Syn.: Langer Sohlenmuskel s. dünner Sohlenmuskel.


Dasleler, E.H. and B.J. Anson. (1943) The plantaris muscle. An anatomical study of 750 specimens. J. Bone Joint Surg. 25:822-827.

George, R. (1953) Co-incidence of palmaris longus and plantaris muscles. Anat. Rec. 116:521-523.

Gruber, W. (1874) Über den Musculus plantaris bicaudatus mit Endigung seines supernumerären Schwanzes im Ligamentum popliteum. Arch. Anat. Physiol. Wissen Med. 1874)467-473.

Henle, J. (1871) Handbuch der Muskellehre des Menschen, in Handbuch der systematischen Anatomie des Menschen. Verlag von Friedrich Vieweg und Sohn, Braunschweig.
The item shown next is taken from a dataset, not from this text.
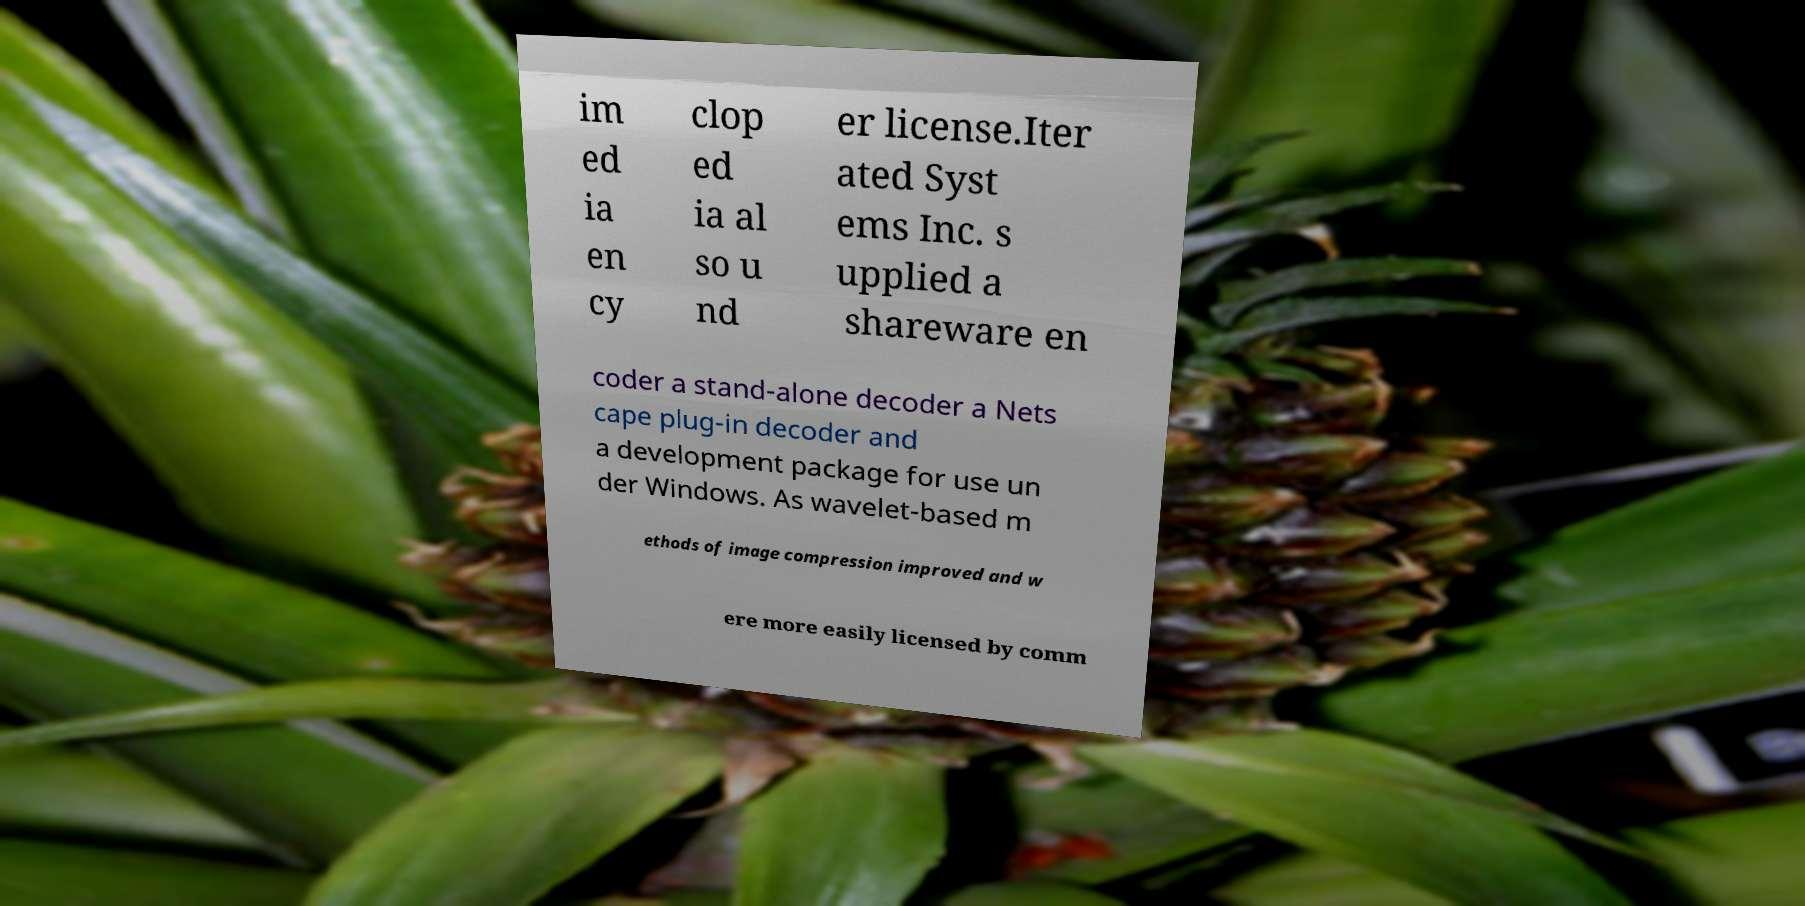For documentation purposes, I need the text within this image transcribed. Could you provide that? im ed ia en cy clop ed ia al so u nd er license.Iter ated Syst ems Inc. s upplied a shareware en coder a stand-alone decoder a Nets cape plug-in decoder and a development package for use un der Windows. As wavelet-based m ethods of image compression improved and w ere more easily licensed by comm

Kudo, T. (1916) On the aponeurosis plantaris. Hokuetsu Igakkai Zasshi 31:98-107. In Japanese.

Macalister, A. Observations on muscular anomalies in the human anatomy. Third series with a catalogue of the principal muscular variations hitherto published. Trans. Roy. Irish Acad. Sci. 25:1-130.

Mori, M. (1964) Statistics on the musculature of the Japanese. Okajimas' Fol. Anat. Jap. 40:195-300.

Wood, J. (1864) On some varieties in human myology. Proc. Roy. Soc. Lond. B 13:299-303.